With this we verified, that program is printing correct bytes. But this also shows that breakpoint has been inserted at 0x400585 (that is after function prologue), not at first instruction of function. If we now run program under gdb (with run) and then "continue" after breakpoint is hit, we get this output:

(gdb) cont
Continuing.
0x40057d: 55 48 89 e5 48 83 ec 10 cc c7 45 f8 7d 05 40 00 
0x40058d: c7 45 f4 00 00 00 00 eb 5a 48 8b 45 f8 48 89 c6 
0x40059d: bf 84 06 40 00 b8 00 00 00 00 e8 b4 fe ff ff c7 
0x4005ad: 45 f0 00 00 00 00 eb 27 48 8b 45 f8 48 8d 50 01

This now shows 0xcc being printed for address 9 bytes into main.

4
votes

If your hardware supports it, GDB may be using Hardware Breakpoints, which do not patch the code.

While I have not confirmed this via any official docs, this page indicates that

By default, gdb attempts to use hardware-assisted break-points.

Since you indicate expecting 0xCC bytes, I'm assuming you're running on x86 hardware, as the int3 opcode is 0xCC. x86 processors have a set of debug registers DR0-DR3, where you can program the address of data to cause a breakpoint exception. DR7 is a bitfield which controls the behavior of the breakpoints, and DR6 indicates the status.

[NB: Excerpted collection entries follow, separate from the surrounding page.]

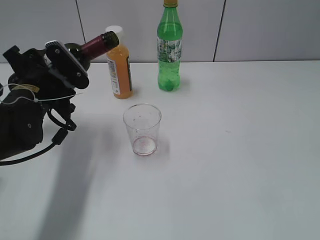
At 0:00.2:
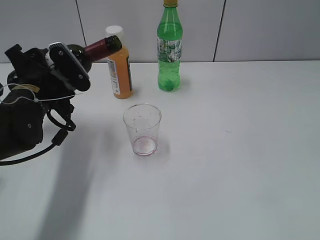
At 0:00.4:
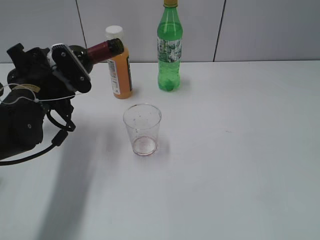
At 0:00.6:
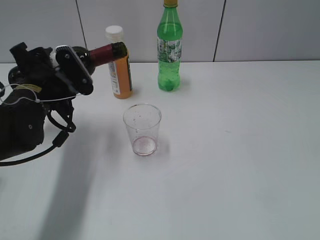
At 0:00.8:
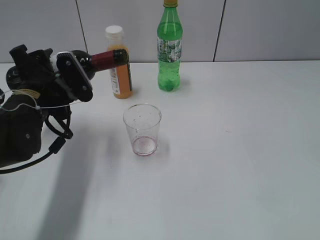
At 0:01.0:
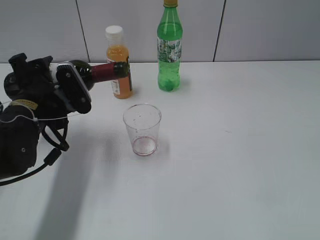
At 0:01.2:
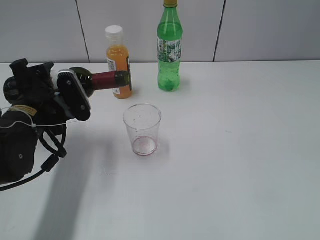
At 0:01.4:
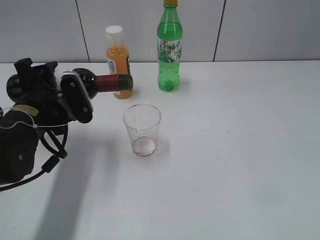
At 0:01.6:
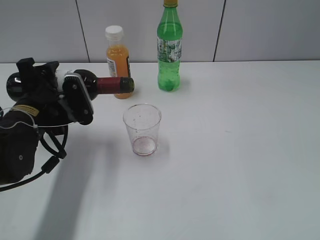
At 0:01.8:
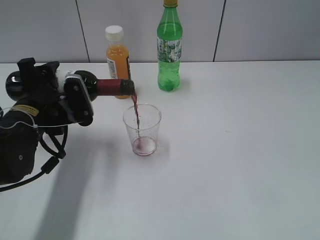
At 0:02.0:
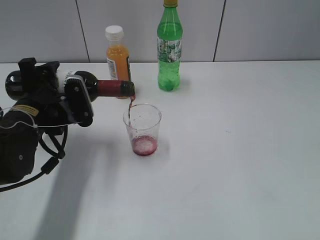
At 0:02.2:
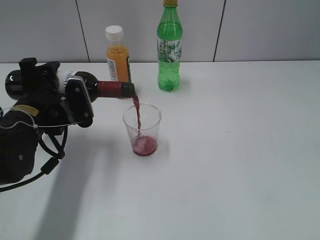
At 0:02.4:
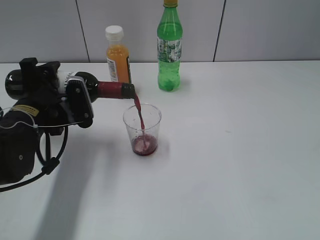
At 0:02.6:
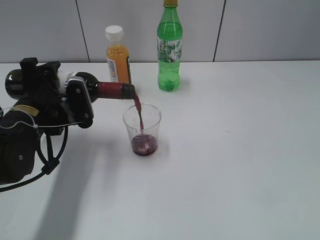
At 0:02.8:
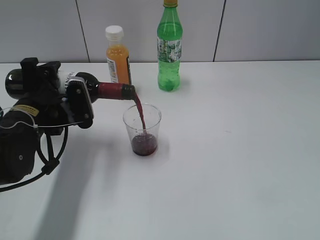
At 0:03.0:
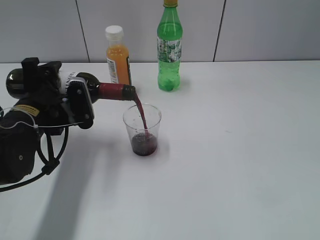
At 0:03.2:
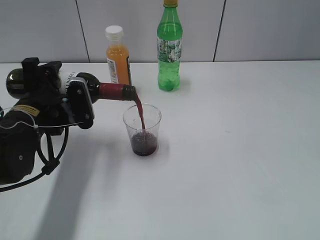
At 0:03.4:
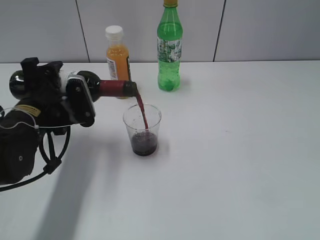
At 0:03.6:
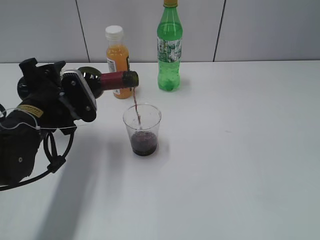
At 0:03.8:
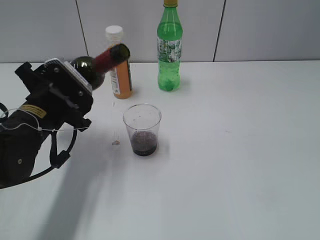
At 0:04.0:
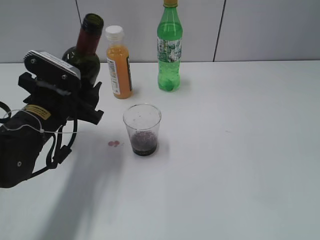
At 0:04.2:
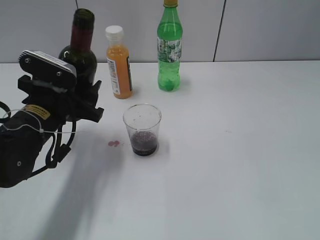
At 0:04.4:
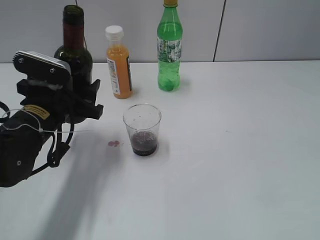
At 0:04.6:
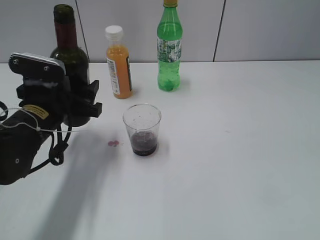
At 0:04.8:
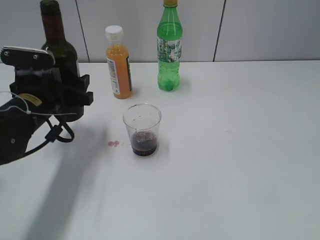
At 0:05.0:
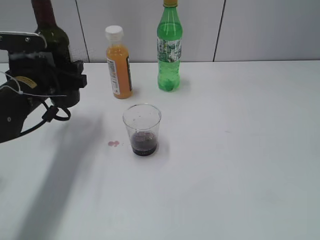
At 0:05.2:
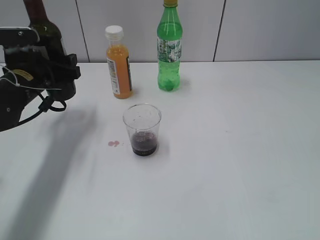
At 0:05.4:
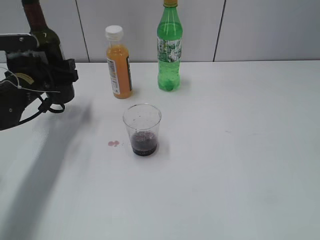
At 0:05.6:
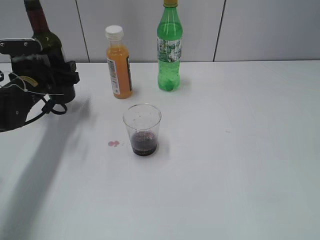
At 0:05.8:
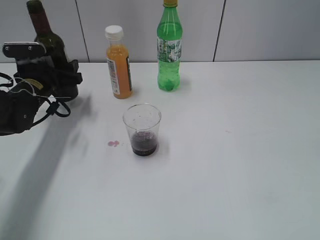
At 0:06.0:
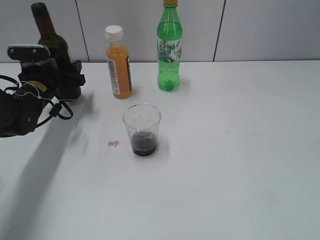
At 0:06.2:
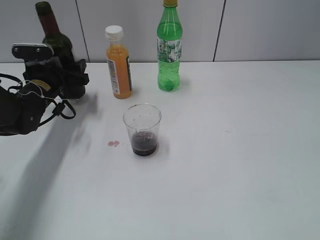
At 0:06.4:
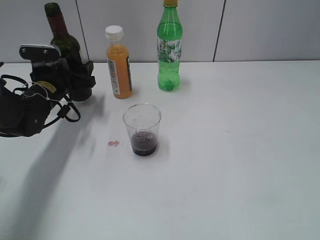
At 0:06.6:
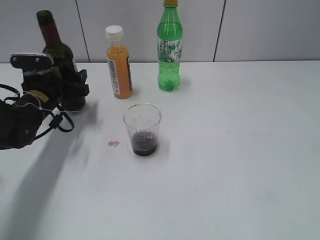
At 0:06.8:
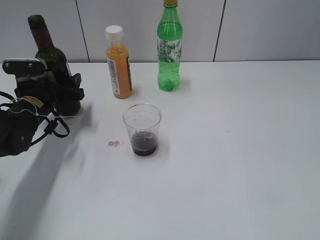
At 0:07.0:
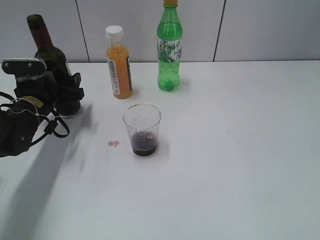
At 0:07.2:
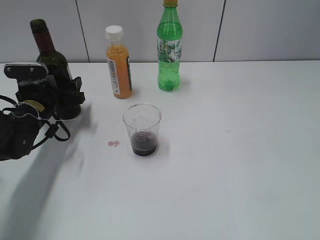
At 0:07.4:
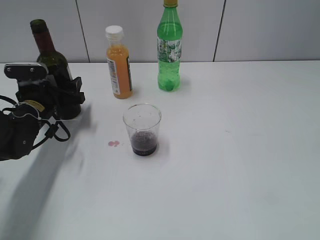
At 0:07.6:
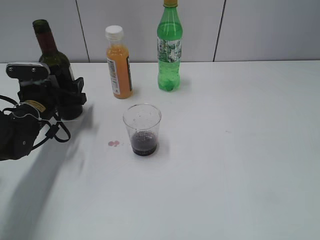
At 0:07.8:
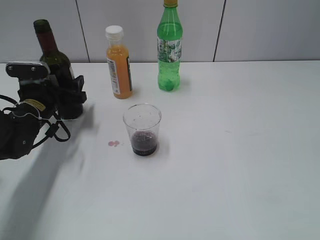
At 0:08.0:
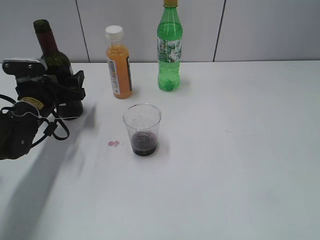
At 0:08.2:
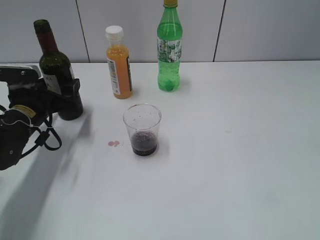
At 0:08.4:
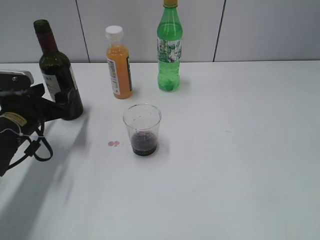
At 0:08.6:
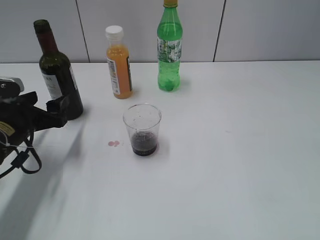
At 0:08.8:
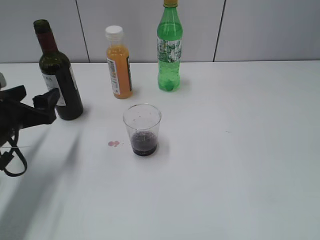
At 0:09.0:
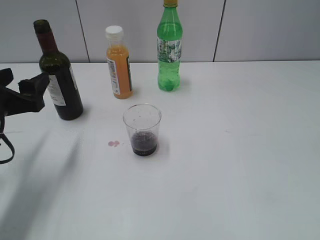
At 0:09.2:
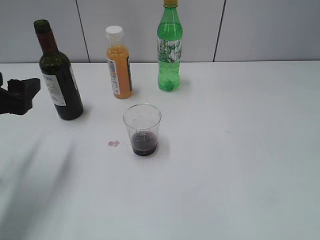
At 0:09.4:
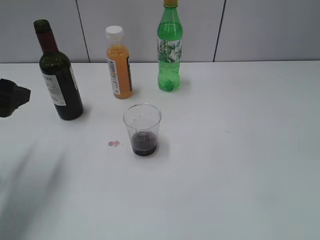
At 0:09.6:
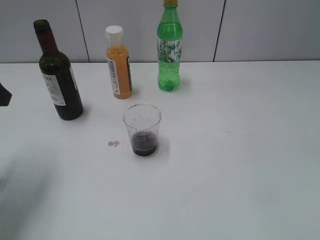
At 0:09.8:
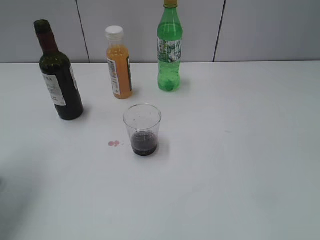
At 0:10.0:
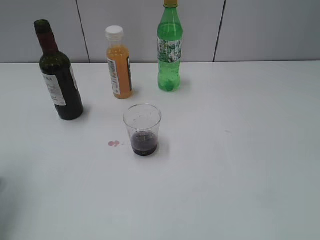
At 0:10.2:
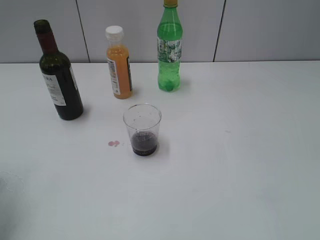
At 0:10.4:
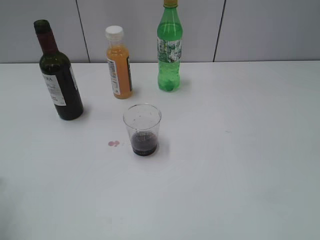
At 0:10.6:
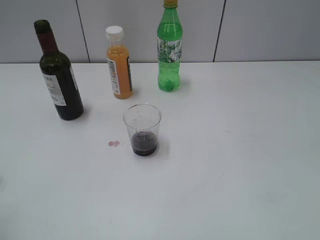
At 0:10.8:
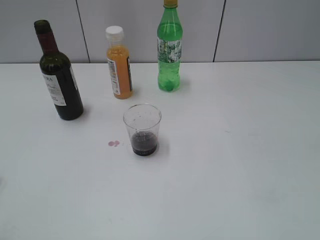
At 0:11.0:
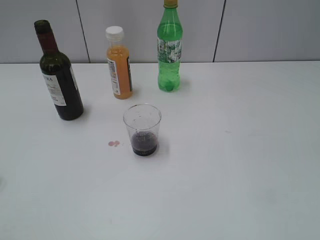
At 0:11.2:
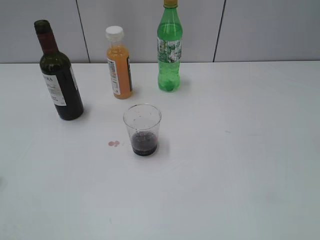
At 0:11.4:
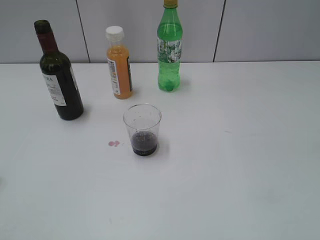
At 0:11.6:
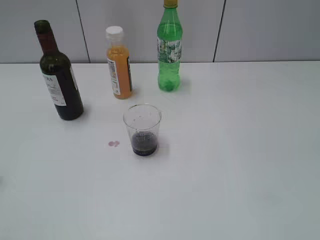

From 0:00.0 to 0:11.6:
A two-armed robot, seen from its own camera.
Step, from 0:00.0 to 0:03.6: Pour the red wine from bottle to cup with left gripper.
Step, from 0:03.8 to 0:08.4: Place the red wine bottle on the table with left gripper.
From 0:00.0 to 0:01.4: The grippers make only small movements.
From 0:01.4 to 0:02.8: The grippers move only a little.
From 0:04.4 to 0:05.8: The left gripper moves forward and to the left, some 15 cm.
From 0:05.8 to 0:07.2: The grippers stay close to where they were, moving slightly.
From 0:07.2 to 0:08.8: The left gripper moves backward, roughly 10 cm, and opens up.
From 0:08.8 to 0:10.2: The left gripper heads upward and backward, covering roughly 15 cm.
From 0:10.2 to 0:11.6: The left gripper travels backward by approximately 20 cm.

The debug registers can only be read/written from Ring 0 (kernel mode). That means that the kernel manages these registers for you (via the ptrace API, I believe.)

However, for the sake of anti-debugging, all hope is not lost! On Windows, the GetThreadContext API allows you to get (a copy) of the CONTEXT for a (stopped) thread. This structure includes the contents of the DRx registers. This question is about how to implement the same on Linux.

2
votes

This may also be a white lie that GDB is telling you... there may be a breakpoint there in RAM but GDB has noted what was there beforehand (so it can restore it later) and is showing you that, instead of the true contents of RAM.

Of course, it could also be using Hardware Breakpoints, which is a facility available on some processors. Setting h/w breakpoints is done by telling the processor the address it should watch out for (and trigger a breakpoint interrupt if it gets hit by the program counter while executing code).